If the objective is to offer windfalls to those whose negligence has injured others then one might say it works. But that doesn’t makes it good public policy.
I’ve always found it odd that the tort “reform” movement is lead by those whose political philosophy is to have less government intervention and more personal responsibility. Because tort “reform” is just the opposite.
But some have seen the light. Below is a list of a few “reformers” that have been covered in this blog that no longer believe that insurance company profits are more important than making the victims whole again. I’ve excerpted it from The Bubbe Maisse Report (aka “Judicial Hellholes”):
Another Tort “Reformer” Sees The Light:
Dr. Dave Stewart is a California anesthesiologist. He supported tort “reform.” Then his 72 year old mother died after knee surgery from an undiagnosed bowel obstruction. When the family tried to hire a lawyer, they were turned down by two dozen different medical malpractice attorneys.
Tort “Reform”, Trent Lott, and Changing Fortunes: Aside from Trent Lott, it deals with Frank Cornelius —
In 1975, I helped persuade the Indiana Legislature to pass what was acclaimed as a pioneering reform of the medical malpractice laws: a $500,000 cap on damage awards, and elimination of all damages for pain and suffering. I argued successfully that such limits would reduce health care costs and encourage physicians to stay in Indiana — the same sort of arguments that not underpin the medical industry’s call for national malpractice reform.

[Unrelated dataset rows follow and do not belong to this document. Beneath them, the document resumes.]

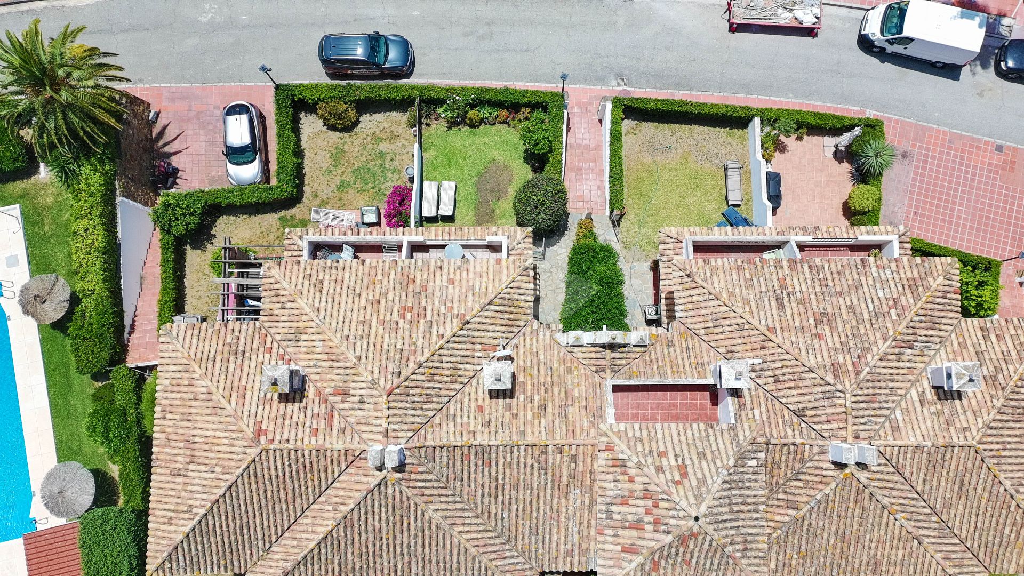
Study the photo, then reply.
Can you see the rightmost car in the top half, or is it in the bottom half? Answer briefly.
top
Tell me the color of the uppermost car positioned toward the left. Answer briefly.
blue
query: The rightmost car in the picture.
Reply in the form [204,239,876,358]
[991,44,1024,89]
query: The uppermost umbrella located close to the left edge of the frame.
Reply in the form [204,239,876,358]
[18,272,74,327]
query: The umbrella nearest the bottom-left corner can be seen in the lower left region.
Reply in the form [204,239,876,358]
[35,461,94,522]
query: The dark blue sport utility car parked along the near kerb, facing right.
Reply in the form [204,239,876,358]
[317,30,415,81]
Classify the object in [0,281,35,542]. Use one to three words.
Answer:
swimming pool
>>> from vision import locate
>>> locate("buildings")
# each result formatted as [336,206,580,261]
[657,225,1024,576]
[139,226,607,576]
[21,518,87,576]
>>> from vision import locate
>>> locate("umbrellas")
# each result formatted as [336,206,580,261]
[35,461,94,522]
[18,272,74,327]
[823,118,871,158]
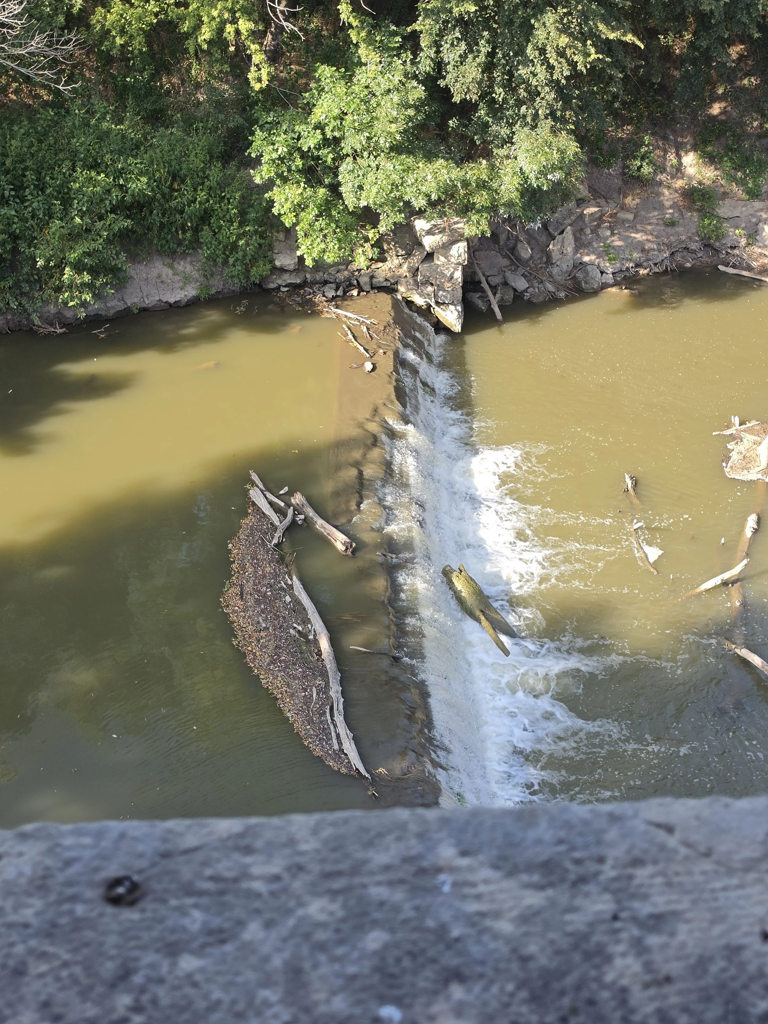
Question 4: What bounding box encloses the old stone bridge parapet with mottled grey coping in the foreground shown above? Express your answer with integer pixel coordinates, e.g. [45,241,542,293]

[0,797,768,1024]
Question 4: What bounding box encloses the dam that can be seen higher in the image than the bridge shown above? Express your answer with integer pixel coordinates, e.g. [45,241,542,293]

[329,283,457,813]
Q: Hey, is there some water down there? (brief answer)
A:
Yes
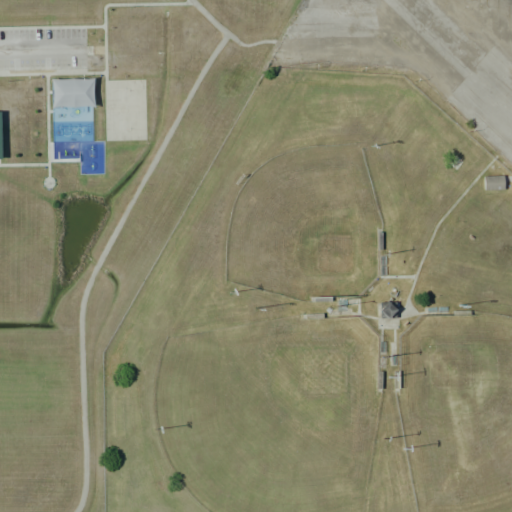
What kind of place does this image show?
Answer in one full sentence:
This looks like a sports ground.
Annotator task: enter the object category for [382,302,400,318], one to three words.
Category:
building
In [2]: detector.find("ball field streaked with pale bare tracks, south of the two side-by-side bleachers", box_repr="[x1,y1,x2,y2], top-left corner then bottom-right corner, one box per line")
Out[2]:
[399,316,512,512]
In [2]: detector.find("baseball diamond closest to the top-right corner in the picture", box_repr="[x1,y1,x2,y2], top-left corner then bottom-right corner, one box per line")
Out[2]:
[226,146,382,301]
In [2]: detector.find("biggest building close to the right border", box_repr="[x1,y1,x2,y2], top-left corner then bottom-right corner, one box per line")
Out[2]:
[485,176,506,190]
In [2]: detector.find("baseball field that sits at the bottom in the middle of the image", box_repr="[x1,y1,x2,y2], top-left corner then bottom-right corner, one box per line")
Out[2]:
[157,319,381,512]
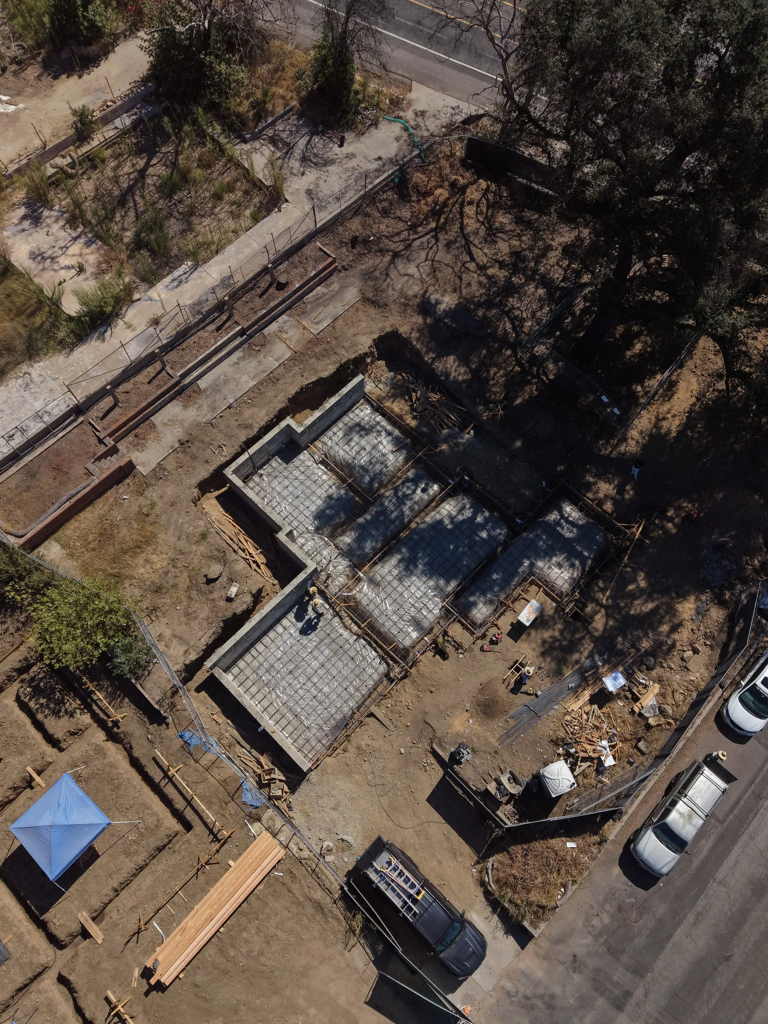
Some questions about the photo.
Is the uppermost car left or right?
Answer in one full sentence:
You can find the uppermost car on the right side of the picture.
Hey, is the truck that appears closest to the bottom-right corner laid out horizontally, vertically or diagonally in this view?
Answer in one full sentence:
I'd say the truck that appears closest to the bottom-right corner is aligned diagonally in the picture.
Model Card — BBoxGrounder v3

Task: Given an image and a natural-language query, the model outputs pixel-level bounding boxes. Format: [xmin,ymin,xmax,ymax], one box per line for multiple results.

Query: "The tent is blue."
[9,765,141,897]
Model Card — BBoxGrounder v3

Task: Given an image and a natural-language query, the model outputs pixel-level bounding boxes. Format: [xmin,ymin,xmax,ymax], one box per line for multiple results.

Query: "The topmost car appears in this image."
[726,659,768,742]
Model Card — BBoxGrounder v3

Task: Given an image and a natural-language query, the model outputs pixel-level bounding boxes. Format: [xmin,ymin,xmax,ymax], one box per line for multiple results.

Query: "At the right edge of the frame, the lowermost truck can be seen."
[627,749,741,875]
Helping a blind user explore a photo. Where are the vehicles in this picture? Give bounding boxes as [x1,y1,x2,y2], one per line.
[627,749,741,875]
[726,659,768,742]
[355,834,492,983]
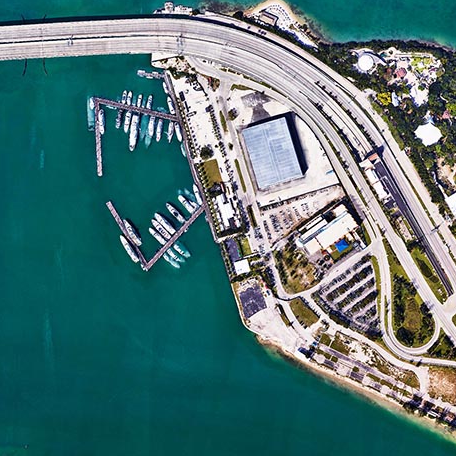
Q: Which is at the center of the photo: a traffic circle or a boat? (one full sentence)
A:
The feature located at the center of the photo is a boat.
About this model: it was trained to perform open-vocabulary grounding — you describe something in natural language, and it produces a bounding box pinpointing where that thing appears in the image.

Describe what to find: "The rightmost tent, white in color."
[415,122,442,146]
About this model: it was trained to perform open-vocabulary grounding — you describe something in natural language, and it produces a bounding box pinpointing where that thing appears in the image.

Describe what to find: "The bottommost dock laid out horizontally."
[94,98,177,122]
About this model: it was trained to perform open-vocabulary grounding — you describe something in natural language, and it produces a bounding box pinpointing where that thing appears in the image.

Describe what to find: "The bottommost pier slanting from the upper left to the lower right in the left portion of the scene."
[105,201,147,267]
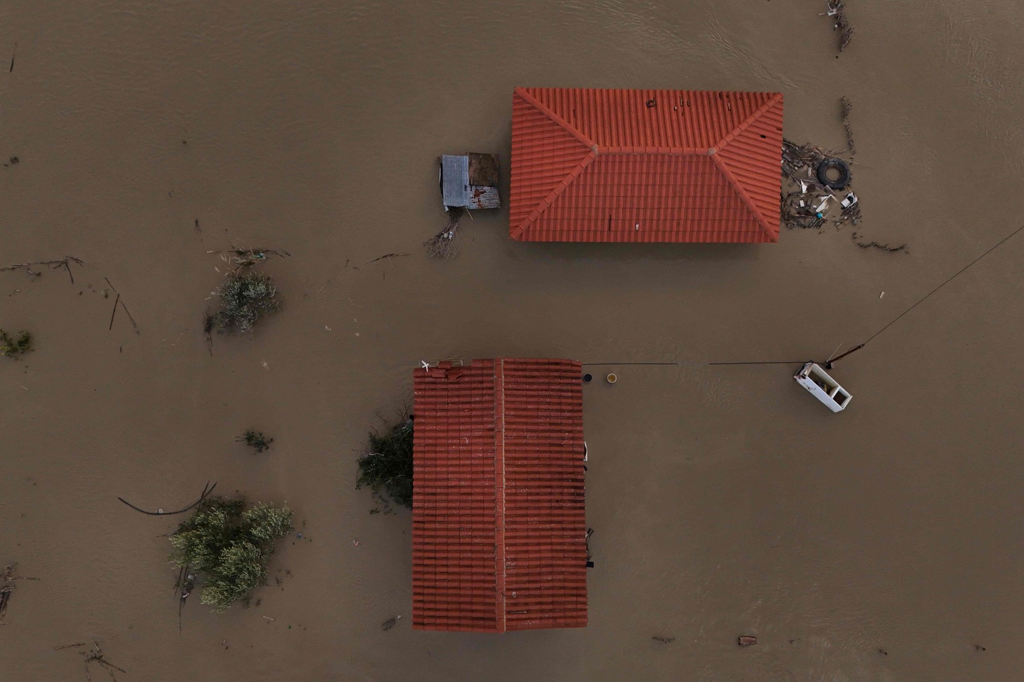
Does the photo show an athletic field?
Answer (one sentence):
No, the picture doesn't show any athletic field.
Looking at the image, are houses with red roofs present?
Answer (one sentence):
Yes, there's a house with a red roof here.
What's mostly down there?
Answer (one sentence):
The bulk of the photo consists of water.
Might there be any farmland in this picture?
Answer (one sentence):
No, the picture contains no farmland.
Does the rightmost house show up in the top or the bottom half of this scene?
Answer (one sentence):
The rightmost house sits in the top half of the picture.
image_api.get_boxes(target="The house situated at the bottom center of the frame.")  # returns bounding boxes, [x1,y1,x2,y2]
[412,359,588,636]
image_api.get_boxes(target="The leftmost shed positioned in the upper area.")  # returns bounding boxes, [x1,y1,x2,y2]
[438,152,501,212]
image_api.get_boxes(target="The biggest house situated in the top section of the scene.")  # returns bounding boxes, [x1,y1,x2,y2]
[508,86,785,243]
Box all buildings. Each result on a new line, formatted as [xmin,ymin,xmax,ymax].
[508,86,785,243]
[438,152,501,212]
[412,359,588,636]
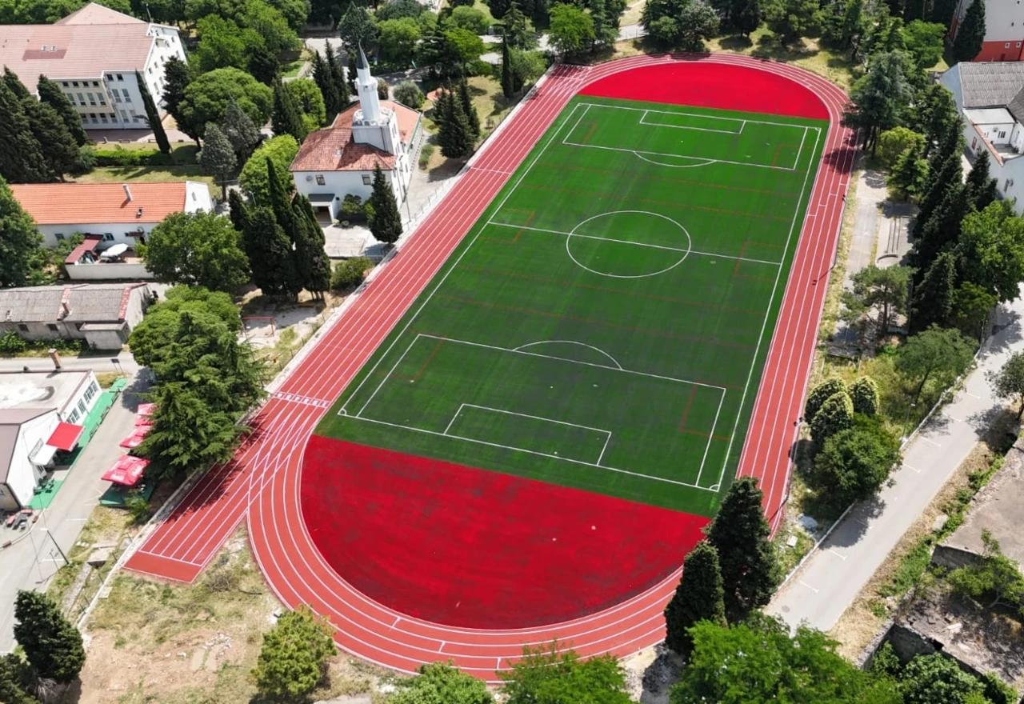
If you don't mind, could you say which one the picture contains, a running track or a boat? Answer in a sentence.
I can see a running track in this picture.
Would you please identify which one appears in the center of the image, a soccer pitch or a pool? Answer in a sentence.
There is a soccer pitch in the center of the image.
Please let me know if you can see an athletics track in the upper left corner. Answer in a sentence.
No, I see no athletics track in the upper left corner.
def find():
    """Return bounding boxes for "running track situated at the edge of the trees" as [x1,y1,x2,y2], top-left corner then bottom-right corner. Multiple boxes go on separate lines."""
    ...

[245,52,860,687]
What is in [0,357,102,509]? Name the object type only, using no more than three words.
building
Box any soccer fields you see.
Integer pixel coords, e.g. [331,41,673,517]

Today, from my wheelchair, I rue that that accomplishment. Here is my story.
Tort “Reform” Gone Bad. And the Personal Injury Round-Up: With this story from a “reformer” and medical oncologist:
It appeared that the case would be resolved quickly, considering that the defendant freely admitted his error. However, this turned out to be far from true.
…
As I’d expected, the jury found the original pathologist negligent. But, to my surprise, Mary wasn’t awarded any damages… The jurors reasoned that the pathologist had not acted maliciously, and that if he were found liable for a monetary award, he might leave the state. They were likely influenced by political ads that ran during the state’s tort reform ballot campaign, describing physicians who were leaving Nevada because of its malpractice crisis.
Tort “Reformer” Michael Savage Brings Lawsuit:
Right wing radio talk-show host and tort “reformer” Michael Savage has brought a lawsuit. The infraction? He was quoted by an Islamic group on its website in which he called the Quran a “book of hate” and said Muslims “need deportation.”
Robert Bork Brings Trip/Fall Suit for Over $1M, Plus Punitive Damages And Legal Fees —
Former Supreme Court nominee Robert Bork has sued the Yale Club for an amount “in excess of $1,000,000,” plus punitive damages, as a result of a trip and fall accident on June 6, 2006. The Complaint is here via the WSJ. The accident happened while he was climbing to the dais for a speech, and there were no steps or handrail for the 79-year old Bork to hold on to.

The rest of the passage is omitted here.